If \(\mathbf{A}\) is a real symmetric matrix
- Only real eigenvalues
- \(n\) distinct linearly independent eigenvectors
- pairwise orthogonal
- \(\mathbf{A = Q\Lambda Q^T}\)
When \(A\) is diagonalisable?
If a diagonalisation doesn't exist, there is always a triangularisation via Schur Decomposition: \(\mathbf{A = QSQ^T}\).
Let us revisit together the properties of eigenvalues and eigenvectors.

What does eigenanalysis help to do?

Let's try to understand what \(\mathbf{Ax} = \lambda \mathbf{x}\) is really asking.
Can we find a pair of \(\lambda\) and \(\mathbf{x}\) such that when a matrix \(\mathbf{A}\) is applied to \(\mathbf{x}\), it doesn't change the direction and just scales the vector?
If we can find such a pair, then everytime we do something with \(\mathbf{Ax}\) in some mathematical operation, we can replace it with \(\lambda \mathbf{x}\).

What does eigenanalysis help to do?

Consider \(\mathbf{A} = \left(\begin{array}{cc} 5 & -1\\ -2 & 4 \end{array}\right)\) and \(\mathbf{x} = \left(\begin{array}{c} 1 \\ -1 \end{array}\right)\).
- what if we now want to calculate \(\mathbf{A^{20}x}\)?
- what if we now want to calculate \(\mathbf{A^{-1}x}\)?
Computationally, we would rather work with scalars than matrices and this is what eigenanalysis helps us do.
But what if we are not lucky enough to be asked to multiply a matrix by one of its eigenvectors?

Advantages of eigenanalysis

It enables us to replace a matrix with a scalar when we have the opportunity to change our coordinate system to the eigenvectors of a matrix.
We can express any vector in terms of this new coordinate system.
We can use the fact that \(\mathbf{Ax} = \lambda \mathbf{x}\) to simplify calculations.

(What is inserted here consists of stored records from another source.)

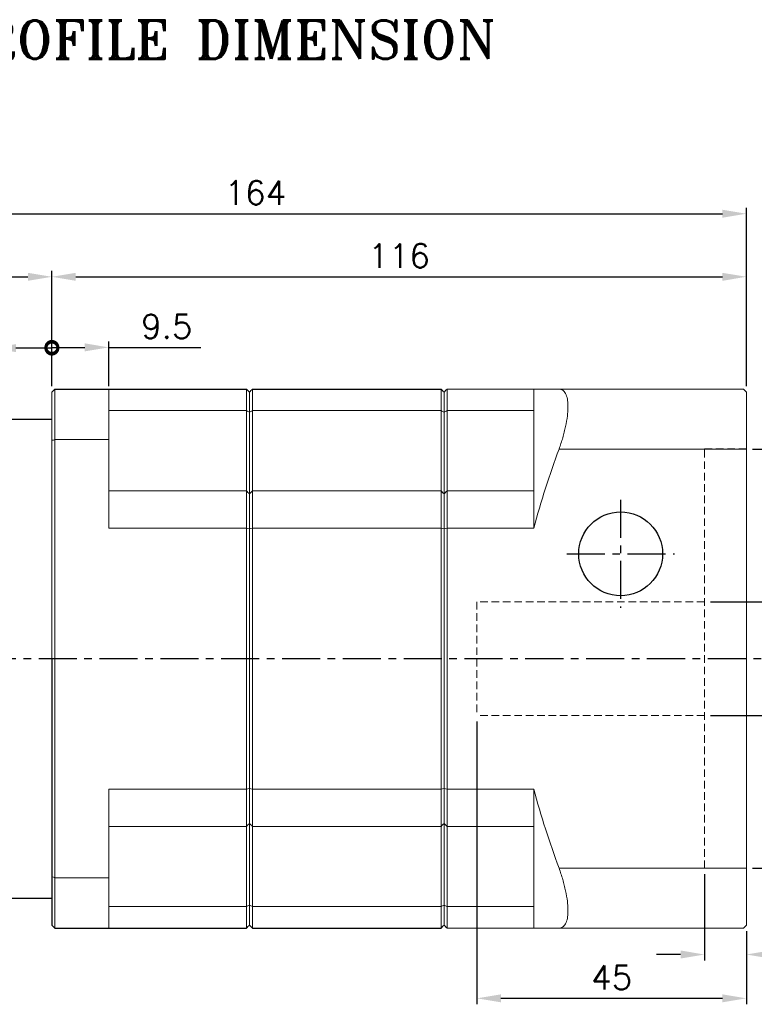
# Model space of a CAD drawing. Header units: millimetres. Extents: x 1181 to 1607, y -83 to 105.
# Tile 2 of 5: x 1357 to 1480, y -83 to 81. Entities that reach past the tile are written whole.
import ezdxf

# ---------------------------------------------------------------- set-up
doc = ezdxf.new("R2010")
doc.units = ezdxf.units.MM
doc.header["$PDSIZE"] = -1
for name, pattern in [('CEN', [0.67, 0.5, -0.08, 0.01, -0.08]), ('CENTER', [10.16, 6.35, -1.27, 1.27, -1.27]), ('HIDDEN', [1.905, 1.27, -0.635])]:
    doc.linetypes.add(name, pattern=pattern)
doc.layers.add('CEN', color=6, linetype='CEN')
doc.layers.add('dim', color=4, linetype='Continuous')
doc.styles.get("Standard").update_dxf_attribs({"font": 'romans.shx', "bigfont": 'chineset.shx'})
doc.dimstyles.new('ISO-25', dxfattribs={"dimtxt": 4, "dimasz": 4, "dimexe": 1, "dimexo": 1, "dimgap": 1.5, "dimtad": 1, "dimzin": 9, "dimdsep": 46, "dimtxsty": 'Standard', "dimcen": 0, "dimadec": 0, "dimazin": 0, "dimtfac": 1, "dimtofl": 0, "dimtmove": 0, "dimatfit": 3, "dimfxl": 1, "dimarcsym": 0})

# ---------------------------------------------------------------- blocks, each defined once
blk = doc.blocks.new('*D5')
at = {"layer": 'Defpoints', "color": 0, "transparency": 16777216}
for p in [(1471.55, -15.74), (1489.12, -15.74), (1471.55, -34.74)]:
    blk.add_point(p, dxfattribs=at)
at = {"layer": 'dim', "color": 0, "lineweight": -2, "transparency": 16777216}
for p, q in [((1472.55, -15.74), (1490.12, -15.74)), ((1489.12, -30.74), (1489.12, -19.74)), ((1472.55, -34.74), (1490.12, -34.74))]:
    blk.add_line(p, q, dxfattribs=at)
at = {"layer": 'dim', "color": 0, "transparency": 16777216}
for points in [[(1488.46, -19.74), (1489.79, -19.74), (1489.12, -15.74)], [(1488.46, -30.74), (1489.79, -30.74), (1489.12, -34.74)]]:
    blk.add_solid(points, dxfattribs=at)
at = {"layer": 'dim', "color": 0, "transparency": 16777216, "insert": (1485.62, -25.24), "char_height": 4, "attachment_point": 5, "rotation": 90}
blk.add_mtext('%%C19', dxfattribs=at)
blk = doc.blocks.new('*D6')
at = {"layer": 'Defpoints', "color": 0, "transparency": 16777216}
for p in [(1478.55, 9.76), (1478.55, -60.24), (1496.32, -60.24)]:
    blk.add_point(p, dxfattribs=at)
at = {"layer": 'dim', "color": 0, "lineweight": -2, "transparency": 16777216}
for p, q in [((1479.55, 9.76), (1497.32, 9.76)), ((1496.32, 5.76), (1496.32, -56.24)), ((1479.55, -60.24), (1497.32, -60.24))]:
    blk.add_line(p, q, dxfattribs=at)
at = {"layer": 'dim', "color": 0, "transparency": 16777216}
for points in [[(1495.66, 5.76), (1496.99, 5.76), (1496.32, 9.76)], [(1495.66, -56.24), (1496.99, -56.24), (1496.32, -60.24)]]:
    blk.add_solid(points, dxfattribs=at)
at = {"layer": 'dim', "color": 0, "transparency": 16777216, "insert": (1492.82, -25.24), "char_height": 4, "attachment_point": 5, "rotation": 90}
blk.add_mtext('%%C70', dxfattribs=at)
blk = doc.blocks.new('*D7')
at = {"layer": 'Defpoints', "color": 0, "transparency": 16777216}
for p in [(1478.55, 38.53), (1362.55, 19.26), (1478.55, 19.26)]:
    blk.add_point(p, dxfattribs=at)
at = {"layer": 'dim', "color": 0, "lineweight": -2, "transparency": 16777216}
for p, q in [((1362.55, 20.26), (1362.55, 39.53)), ((1478.55, 20.26), (1478.55, 39.53)), ((1366.55, 38.53), (1474.55, 38.53))]:
    blk.add_line(p, q, dxfattribs=at)
at = {"layer": 'dim', "color": 0, "transparency": 16777216}
for points in [[(1366.55, 39.19), (1366.55, 37.86), (1362.55, 38.53)], [(1474.55, 39.19), (1474.55, 37.86), (1478.55, 38.53)]]:
    blk.add_solid(points, dxfattribs=at)
at = {"layer": 'dim', "color": 0, "transparency": 16777216, "insert": (1420.55, 42.03), "char_height": 4, "attachment_point": 5}
blk.add_mtext('116', dxfattribs=at)
blk = doc.blocks.new('*D8')
at = {"layer": 'Defpoints', "color": 0, "transparency": 16777216}
for p in [(1362.55, 38.53), (1362.55, 19.26), (1314.55, -14.94)]:
    blk.add_point(p, dxfattribs=at)
at = {"layer": 'dim', "color": 0, "lineweight": -2, "transparency": 16777216}
for p, q in [((1314.55, -13.94), (1314.55, 39.53)), ((1362.55, 20.26), (1362.55, 39.53)), ((1318.55, 38.53), (1358.55, 38.53))]:
    blk.add_line(p, q, dxfattribs=at)
at = {"layer": 'dim', "color": 0, "transparency": 16777216}
for points in [[(1318.55, 39.19), (1318.55, 37.86), (1314.55, 38.53)], [(1358.55, 39.19), (1358.55, 37.86), (1362.55, 38.53)]]:
    blk.add_solid(points, dxfattribs=at)
at = {"layer": 'dim', "color": 0, "transparency": 16777216, "insert": (1338.55, 42.03), "char_height": 4, "attachment_point": 5}
blk.add_mtext('48', dxfattribs=at)
blk = doc.blocks.new('*D11')
at = {"layer": 'Defpoints', "color": 0, "transparency": 16777216}
for p in [(1478.55, 49.06), (1478.55, 19.26), (1314.55, -14.94)]:
    blk.add_point(p, dxfattribs=at)
at = {"layer": 'dim', "color": 0, "lineweight": -2, "transparency": 16777216}
for p, q in [((1314.55, -13.94), (1314.55, 50.06)), ((1478.55, 20.26), (1478.55, 50.06)), ((1318.55, 49.06), (1474.55, 49.06))]:
    blk.add_line(p, q, dxfattribs=at)
at = {"layer": 'dim', "color": 0, "transparency": 16777216}
for points in [[(1318.55, 49.73), (1318.55, 48.4), (1314.55, 49.06)], [(1474.55, 49.73), (1474.55, 48.4), (1478.55, 49.06)]]:
    blk.add_solid(points, dxfattribs=at)
at = {"layer": 'dim', "color": 0, "transparency": 16777216, "insert": (1396.55, 52.56), "char_height": 4, "attachment_point": 5}
blk.add_mtext('164', dxfattribs=at)
blk = doc.blocks.new('*D12')
at = {"layer": 'Defpoints', "color": 0, "transparency": 16777216}
for p in [(1471.55, -60.24), (1478.55, -69.74), (1471.55, -74.65)]:
    blk.add_point(p, dxfattribs=at)
at = {"layer": 'dim', "color": 0, "lineweight": -2, "transparency": 16777216}
for p, q in [((1471.55, -61.24), (1471.55, -75.65)), ((1478.55, -70.74), (1478.55, -75.65)), ((1467.55, -74.65), (1463.55, -74.65)), ((1482.55, -74.65), (1492.22, -74.65))]:
    blk.add_line(p, q, dxfattribs=at)
at = {"layer": 'dim', "color": 0, "transparency": 16777216}
for points in [[(1467.55, -73.98), (1467.55, -75.32), (1471.55, -74.65)], [(1482.55, -73.98), (1482.55, -75.32), (1478.55, -74.65)]]:
    blk.add_solid(points, dxfattribs=at)
at = {"layer": 'dim', "color": 0, "transparency": 16777216, "insert": (1489.38, -71.15), "char_height": 4, "attachment_point": 5}
blk.add_mtext('7', dxfattribs=at)
blk = doc.blocks.new('*D13')
at = {"layer": 'Defpoints', "color": 0, "transparency": 16777216}
for p in [(1433.55, -34.74), (1478.55, -69.74), (1433.55, -81.97)]:
    blk.add_point(p, dxfattribs=at)
at = {"layer": 'dim', "color": 0, "lineweight": -2, "transparency": 16777216}
for p, q in [((1433.55, -35.74), (1433.55, -82.97)), ((1478.55, -70.74), (1478.55, -82.97)), ((1474.55, -81.97), (1437.55, -81.97))]:
    blk.add_line(p, q, dxfattribs=at)
at = {"layer": 'dim', "color": 0, "transparency": 16777216}
for points in [[(1437.55, -81.3), (1437.55, -82.63), (1433.55, -81.97)], [(1474.55, -81.3), (1474.55, -82.63), (1478.55, -81.97)]]:
    blk.add_solid(points, dxfattribs=at)
at = {"layer": 'dim', "color": 0, "transparency": 16777216, "insert": (1456.05, -78.47), "char_height": 4, "attachment_point": 5}
blk.add_mtext('45', dxfattribs=at)
blk = doc.blocks.new('_DotSmall')
at = {"color": 0, "linetype": 'ByBlock', "const_width": 0.5}
blk.add_lwpolyline([(-0.0625, 0, 1), (0.0625, 0, 1)], format="xyb", close=True, dxfattribs=at)
blk = doc.blocks.new('*D21')
at = {"layer": 'Defpoints', "color": 0, "transparency": 16777216}
for p in [(1362.55, 26.62), (1362.55, 19.26), (1352.55, 14.26)]:
    blk.add_point(p, dxfattribs=at)
at = {"layer": 'dim', "color": 0, "lineweight": -2, "transparency": 16777216}
for p, q in [((1352.55, 26.62), (1339.64, 26.62)), ((1352.55, 15.26), (1352.55, 27.62)), ((1362.55, 26.62), (1356.55, 26.62)), ((1362.55, 20.26), (1362.55, 27.62))]:
    blk.add_line(p, q, dxfattribs=at)
at = {"layer": 'dim', "color": 0, "transparency": 16777216}
blk.add_solid([(1356.55, 27.29), (1356.55, 25.95), (1352.55, 26.62)], dxfattribs=at)
at = {"layer": 'dim', "color": 0, "lineweight": -2, "transparency": 16777216, "xscale": 4, "yscale": 4, "zscale": 4}
blk.add_blockref('_DotSmall', (1362.55, 26.62), dxfattribs=at)
at = {"layer": 'dim', "color": 0, "transparency": 16777216, "insert": (1344.1, 30.12), "char_height": 4, "attachment_point": 5}
blk.add_mtext('10', dxfattribs=at)
blk = doc.blocks.new('*D22')
at = {"layer": 'Defpoints', "color": 0, "transparency": 16777216}
for p in [(1372.05, 26.74), (1362.55, 19.26), (1372.05, 19.26)]:
    blk.add_point(p, dxfattribs=at)
at = {"layer": 'dim', "color": 0, "lineweight": -2, "transparency": 16777216}
for p, q in [((1362.55, 20.26), (1362.55, 27.74)), ((1362.55, 26.74), (1368.05, 26.74)), ((1372.05, 20.26), (1372.05, 27.74)), ((1372.05, 26.74), (1387.43, 26.74))]:
    blk.add_line(p, q, dxfattribs=at)
at = {"layer": 'dim', "color": 0, "transparency": 16777216}
blk.add_solid([(1368.05, 27.41), (1368.05, 26.08), (1372.05, 26.74)], dxfattribs=at)
at = {"layer": 'dim', "color": 0, "lineweight": -2, "transparency": 16777216, "xscale": 4, "yscale": 4, "zscale": 4, "rotation": 180}
blk.add_blockref('_DotSmall', (1362.55, 26.74), dxfattribs=at)
at = {"layer": 'dim', "color": 0, "transparency": 16777216, "insert": (1381.74, 30.24), "char_height": 4, "attachment_point": 5}
blk.add_mtext('9.5', dxfattribs=at)

msp = doc.modelspace()

# ---------------------------------------------------------------- linework, layer by layer
for p, q in [((1363.048, 19.763), (1362.548, 19.263)), ((1363.048, 19.763), (1395.048, 19.763)), ((1396.048, 19.763), (1427.548, 19.763)), ((1353.048, 14.763), (1362.548, 14.763)), ((1362.548, -25.237), (1362.548, -69.737)), ((1353.048, -65.237), (1362.548, -65.237)), ((1363.048, -70.237), (1362.548, -69.737)), ((1363.048, -70.237), (1395.048, -70.237)), ((1396.048, -70.237), (1427.548, -70.237))]:
    msp.add_line(p, q)
at = {"color": 7, "linetype": 'Continuous', "lineweight": 15}
for p, q in [((1363.048, 19.763), (1363.048, -25.237)), ((1372.048, 11.355), (1372.048, 19.763)), ((1395.048, 19.763), (1395.048, 2.781)), ((1396.048, 16.175), (1396.048, 19.763)), ((1427.548, 19.763), (1427.548, 2.781)), ((1428.548, 16.175), (1428.548, 19.763)), ((1428.548, 19.763), (1443.048, 19.763)), ((1443.048, 19.763), (1443.048, 16.175)), ((1478.048, 19.763), (1447.254, 19.763)), ((1478.048, 19.763), (1478.548, 19.263)), ((1362.548, 19.263), (1362.548, -25.237)), ((1395.548, 19.263), (1395.548, 15.912)), ((1428.048, 19.263), (1428.048, 15.912)), ((1478.548, 9.763), (1478.548, 19.263)), ((1372.048, 16.175), (1395.048, 16.175)), ((1395.548, 15.912), (1395.548, 2.276)), ((1395.548, 2.276), (1395.548, 15.912)), ((1396.048, 2.781), (1396.048, 16.175)), ((1396.048, 16.175), (1427.548, 16.175)), ((1428.048, 15.912), (1428.048, 2.276)), ((1428.048, 2.276), (1428.048, 15.912)), ((1428.548, 16.175), (1443.048, 16.175)), ((1428.548, 2.781), (1428.548, 16.175)), ((1443.048, 16.175), (1443.048, 2.781)), ((1363.048, 11.355), (1372.048, 11.355)), ((1372.048, 11.355), (1372.048, -3.443)), ((1447.254, 9.763), (1478.048, 9.763)), ((1478.548, 9.763), (1478.048, 9.763)), ((1478.548, -60.237), (1478.548, 9.763)), ((1395.048, 2.781), (1372.048, 2.781)), ((1395.048, 2.781), (1395.048, -3.443)), ((1395.548, 2.276), (1395.548, -3.558)), ((1395.548, -3.558), (1395.548, 2.276)), ((1427.548, 2.781), (1396.048, 2.781)), ((1396.048, -25.237), (1396.048, 2.781)), ((1427.548, 2.781), (1427.548, -3.443)), ((1428.048, 2.276), (1428.048, -3.558)), ((1428.048, -3.558), (1428.048, 2.276)), ((1443.048, 2.781), (1428.548, 2.781)), ((1428.548, -25.237), (1428.548, 2.781)), ((1443.048, 2.781), (1443.048, -3.443)), ((1372.048, -3.443), (1395.048, -3.443)), ((1395.048, -3.443), (1395.048, -25.237)), ((1395.548, -3.558), (1395.548, -46.917)), ((1396.048, -3.443), (1427.548, -3.443)), ((1427.548, -3.443), (1427.548, -25.237)), ((1428.048, -3.558), (1428.048, -46.917)), ((1443.048, -3.443), (1428.548, -3.443)), ((1363.048, -70.237), (1363.048, -25.237)), ((1395.048, -47.032), (1395.048, -25.237)), ((1396.048, -53.256), (1396.048, -25.237)), ((1427.548, -47.032), (1427.548, -25.237)), ((1428.548, -53.256), (1428.548, -25.237)), ((1372.048, -61.83), (1372.048, -47.032)), ((1372.048, -47.032), (1395.048, -47.032)), ((1395.048, -53.256), (1395.048, -47.032)), ((1395.548, -46.917), (1395.548, -52.75)), ((1396.048, -47.032), (1427.548, -47.032)), ((1427.548, -53.256), (1427.548, -47.032)), ((1428.048, -46.917), (1428.048, -52.75)), ((1428.548, -47.032), (1443.048, -47.032)), ((1443.048, -47.032), (1443.048, -53.256)), ((1395.048, -53.256), (1372.048, -53.256)), ((1395.048, -70.237), (1395.048, -53.256)), ((1395.548, -52.75), (1395.548, -66.387)), ((1427.548, -53.256), (1396.048, -53.256)), ((1396.048, -66.65), (1396.048, -53.256)), ((1427.548, -70.237), (1427.548, -53.256)), ((1428.048, -52.75), (1428.048, -66.387)), ((1428.548, -53.256), (1443.048, -53.256)), ((1428.548, -66.65), (1428.548, -53.256)), ((1443.048, -53.256), (1443.048, -66.65)), ((1478.048, -60.237), (1447.254, -60.237)), ((1478.548, -60.237), (1478.048, -60.237)), ((1478.548, -69.737), (1478.548, -60.237)), ((1363.048, -61.83), (1372.048, -61.83)), ((1372.048, -61.83), (1372.048, -70.237)), ((1372.048, -66.65), (1395.048, -66.65)), ((1395.548, -66.387), (1395.548, -69.737)), ((1396.048, -70.237), (1396.048, -66.65)), ((1396.048, -66.65), (1427.548, -66.65)), ((1428.048, -66.387), (1428.048, -69.737)), ((1443.048, -66.65), (1428.548, -66.65)), ((1428.548, -70.237), (1428.548, -66.65)), ((1443.048, -66.65), (1443.048, -70.237)), ((1443.048, -70.237), (1428.548, -70.237)), ((1447.254, -70.237), (1478.048, -70.237)), ((1478.548, -69.737), (1478.048, -70.237))]:
    msp.add_line(p, q, dxfattribs=at)
at = {"color": 2, "linetype": 'HIDDEN', "lineweight": 15}
for p, q in [((1471.548, -60.237), (1471.548, 9.763)), ((1471.548, -15.737), (1433.548, -15.737)), ((1433.548, -15.737), (1433.548, -34.737)), ((1471.548, -34.737), (1433.548, -34.737)), ((1478.548, -60.237), (1471.548, -60.237))]:
    msp.add_line(p, q, dxfattribs=at)
at = {"color": 2, "linetype": 'HIDDEN'}
msp.add_line((1478.548, 9.763), (1471.548, 9.763), dxfattribs=at)
msp.add_circle((1457.548, -7.737), 7)
at = {"color": 7, "linetype": 'Continuous', "lineweight": 15}
for points in [[(1395.048, 19.763), (1395.215, 19.596), (1395.382, 19.429), (1395.548, 19.263)], [(1396.048, 19.763), (1395.882, 19.596), (1395.715, 19.429), (1395.548, 19.263)], [(1427.548, 19.763), (1427.715, 19.596), (1427.882, 19.429), (1428.048, 19.263)], [(1428.548, 19.763), (1428.382, 19.596), (1428.215, 19.429), (1428.048, 19.263)], [(1447.254, 19.763), (1445.654, 19.763), (1444.218, 19.763), (1443.048, 19.763)], [(1395.548, 15.912), (1395.382, 16.001), (1395.215, 16.088), (1395.048, 16.175)], [(1396.048, 16.175), (1395.882, 16.088), (1395.715, 16.001), (1395.548, 15.912)], [(1428.048, 15.912), (1427.882, 16.001), (1427.715, 16.088), (1427.548, 16.175)], [(1428.548, 16.175), (1428.382, 16.088), (1428.215, 16.001), (1428.048, 15.912)], [(1362.548, 11.177), (1362.715, 11.236), (1362.882, 11.296), (1363.048, 11.355)], [(1443.048, -3.443), (1444.226, 1.059), (1445.663, 5.445), (1447.254, 9.763)], [(1395.548, 2.276), (1395.382, 2.443), (1395.215, 2.612), (1395.048, 2.781)], [(1396.048, 2.781), (1395.882, 2.612), (1395.715, 2.443), (1395.548, 2.276)], [(1428.048, 2.276), (1427.882, 2.443), (1427.715, 2.612), (1427.548, 2.781)], [(1428.548, 2.781), (1428.382, 2.612), (1428.215, 2.443), (1428.048, 2.276)], [(1395.548, -3.558), (1395.382, -3.519), (1395.215, -3.481), (1395.048, -3.443)], [(1396.048, -3.443), (1395.882, -3.481), (1395.715, -3.519), (1395.548, -3.558)], [(1428.048, -3.558), (1427.882, -3.519), (1427.715, -3.481), (1427.548, -3.443)], [(1428.548, -3.443), (1428.382, -3.481), (1428.215, -3.519), (1428.048, -3.558)], [(1395.548, -46.917), (1395.382, -46.955), (1395.215, -46.994), (1395.048, -47.032)], [(1396.048, -47.032), (1395.882, -46.994), (1395.715, -46.955), (1395.548, -46.917)], [(1428.048, -46.917), (1427.882, -46.955), (1427.715, -46.994), (1427.548, -47.032)], [(1428.548, -47.032), (1428.382, -46.994), (1428.215, -46.955), (1428.048, -46.917)], [(1447.254, -60.237), (1445.654, -55.895), (1444.218, -51.504), (1443.048, -47.032)], [(1395.548, -52.75), (1395.382, -52.918), (1395.215, -53.086), (1395.048, -53.256)], [(1395.548, -52.75), (1395.715, -52.918), (1395.882, -53.086), (1396.048, -53.256)], [(1428.048, -52.75), (1427.882, -52.918), (1427.715, -53.086), (1427.548, -53.256)], [(1428.048, -52.75), (1428.215, -52.918), (1428.382, -53.086), (1428.548, -53.256)], [(1362.548, -61.652), (1362.715, -61.711), (1362.882, -61.77), (1363.048, -61.83)], [(1395.548, -66.387), (1395.382, -66.475), (1395.215, -66.563), (1395.048, -66.65)], [(1395.548, -66.387), (1395.715, -66.475), (1395.882, -66.563), (1396.048, -66.65)], [(1428.048, -66.387), (1427.882, -66.475), (1427.715, -66.563), (1427.548, -66.65)], [(1428.048, -66.387), (1428.215, -66.475), (1428.382, -66.563), (1428.548, -66.65)], [(1395.548, -69.737), (1395.382, -69.904), (1395.215, -70.071), (1395.048, -70.237)], [(1395.548, -69.737), (1395.715, -69.904), (1395.882, -70.071), (1396.048, -70.237)], [(1428.048, -69.737), (1427.882, -69.904), (1427.715, -70.071), (1427.548, -70.237)], [(1428.048, -69.737), (1428.215, -69.904), (1428.382, -70.071), (1428.548, -70.237)], [(1443.048, -70.237), (1444.226, -70.237), (1445.663, -70.237), (1447.254, -70.237)]]:
    msp.add_open_spline(points, degree=3, dxfattribs=at)
for points in [[(1447.254, 19.763), (1447.487, 19.763), (1447.696, 19.703), (1447.971, 19.521), (1448.057, 19.444), (1448.216, 19.259), (1448.288, 19.149), (1448.481, 18.778), (1448.579, 18.472), (1448.679, 17.92), (1448.705, 17.72), (1448.739, 17.295), (1448.755, 16.847), (1448.739, 16.353), (1448.705, 15.835), (1448.68, 15.563), (1448.58, 14.725), (1448.482, 14.141), (1448.288, 13.227), (1448.216, 12.915), (1448.057, 12.288), (1447.971, 11.973), (1447.696, 11.029), (1447.487, 10.397), (1447.254, 9.763)], [(1447.254, -60.237), (1447.487, -60.871), (1447.696, -61.503), (1447.971, -62.448), (1448.057, -62.762), (1448.216, -63.389), (1448.288, -63.702), (1448.481, -64.614), (1448.579, -65.196), (1448.679, -66.031), (1448.705, -66.304), (1448.739, -66.823), (1448.755, -67.319), (1448.739, -67.766), (1448.705, -68.189), (1448.68, -68.39), (1448.58, -68.945), (1448.482, -69.252), (1448.288, -69.624), (1448.216, -69.733), (1448.057, -69.919), (1447.971, -69.995), (1447.696, -70.178), (1447.487, -70.237), (1447.254, -70.237)]]:
    msp.add_open_spline(points, degree=3, knots=[0, 0, 0, 0, 0.125, 0.125, 0.1875, 0.1875, 0.25, 0.25, 0.375, 0.375, 0.4375, 0.4375, 0.5, 0.5625, 0.5625, 0.625, 0.625, 0.75, 0.75, 0.8125, 0.8125, 0.875, 0.875, 1, 1, 1, 1], dxfattribs=at)
at = {"layer": 'CEN', "linetype": 'CENTER'}
for p, q in [((1457.548, 1.263), (1457.548, -16.737)), ((1448.548, -7.737), (1466.548, -7.737)), ((1309.548, -25.237), (1482.085, -25.237))]:
    msp.add_line(p, q, dxfattribs=at)

# ---------------------------------------------------------------- texts
at = {"insert": (1283.716, 81.351), "char_height": 6.4, "width": 181.03309, "attachment_point": 1}
msp.add_mtext('{\\Fromant|c136;PGRJ090-L2 PROFILE DIMENSION}', dxfattribs=at)

# ---------------------------------------------------------------- dimensions: what is measured, and where the dimension line sits
at = {"layer": 'dim'}
for base, p1, p2, override, picture, middle in [((1478.548, 49.065), (1314.548, -14.937), (1478.548, 19.263), {"dimarcsym": 1}, '*D11', (1396.548, 52.565)), ((1362.548, 38.528), (1314.548, -14.937), (1362.548, 19.263), {"dimarcsym": 1}, '*D8', (1338.548, 42.028)), ((1478.548, 38.528), (1362.548, 19.263), (1478.548, 19.263), {"dimarcsym": 1}, '*D7', (1420.548, 42.028)), ((1372.048, 26.744), (1362.548, 19.263), (1372.048, 19.263), {"dimblk1": 'DotSmall', "dimsah": 1, "dimarcsym": 1}, '*D22', (1381.739, 30.244)), ((1433.548, -81.967), (1478.548, -69.737), (1433.548, -34.737), {"dimarcsym": 1}, '*D13', (1456.048, -78.467))]:
    dim = msp.add_linear_dim(base=base, p1=p1, p2=p2, dimstyle='ISO-25', override=override, dxfattribs=at)
    dim.commit()
    dim.dimension.update_dxf_attribs({"geometry": picture, "text_midpoint": middle})
for base, p1, p2, override, picture, middle in [((1362.548, 26.619), (1352.548, 14.263), (1362.548, 19.263), {"dimblk2": 'DotSmall', "dimsah": 1, "dimarcsym": 1}, '*D21', (1344.096, 26.619)), ((1471.548, -74.649), (1478.548, -69.737), (1471.548, -60.237), {"dimarcsym": 1}, '*D12', (1489.382, -74.649))]:
    dim = msp.add_linear_dim(base=base, p1=p1, p2=p2, dimstyle='ISO-25', override=override, dxfattribs=at)
    dim.commit()
    dim.dimension.update_dxf_attribs({"geometry": picture, "text_midpoint": middle, "dimtype": 160})
for base, p1, p2, text, picture, middle in [((1496.323, -60.237), (1478.548, 9.763), (1478.548, -60.237), '%%C70', '*D6', (1492.823, -25.237)), ((1489.122, -15.737), (1471.548, -34.737), (1471.548, -15.737), '%%C19', '*D5', (1485.622, -25.237))]:
    dim = msp.add_linear_dim(base=base, p1=p1, p2=p2, angle=90, text=text, dimstyle='ISO-25', override={"dimarcsym": 1}, dxfattribs=at)
    dim.commit()
    dim.dimension.update_dxf_attribs({"geometry": picture, "text_midpoint": middle})

doc.saveas('drawing.dxf')

Application of Eigenanalysis: Google

How to know page rank?

How does the search engine know which pages are the most important?
Google assigns a number to each individual page, expressing its importance.
This number is known as the PageRank and is computed via the eigenvalue problem \(Aw = \lambda w\), where \(A\) is based on the link structure of the Internet.

Google's pagerank

Suppose we have a set of webpages \(W\), with \(|W|=n\) as the number of webpages.
We define a connectivity (adjacency) matrix \(A\) as follows: \(A_{i,j}\) is 1 if there is a hyperlink from page \(i\) to page \(j\) and 0 otherwise.
Typically \(A\) is huge (27.5 billion x 27.5 billion in 2011), but extremely sparse (lots of zero values)

A small example

Consider the small set of five webpages.
The connectivity matrix is \[A = \left(\begin{array}{ccccc} 0 & 1 & 0 & 1 & 1\\ 0 & 0 & 1 & 1 & 1\\ 1 & 0 & 0 & 1 & 0\\ 0 & 0 & 0 & 0 & 1\\ 0 & 0 & 1 & 0 & 0 \end{array}\right)\]

A small example

The ranking of page \(i\) is proportional to the sum of the rankings of all pages that link to \(i\): \(r_4 = \alpha(r_1 + r_2 + r_3)\).
So this is a system of \(n =5\) linear equations: \[r = \alpha A^T r, ~\text{or}~A^T r = (1/\alpha) r.\]
The ranking vector is treated like a probability of relevance, so we need to then rescale so that \(\Sigma_{i=1}^n = 1.\)
Go to R and compute pageranks.

What you need to realise for now

Finding the eigenvalues and eigenvectors of a massive matrix is computationally challenging though (don’t try to solve the characteristic polynomial!)
and you will learn numerical techniques later.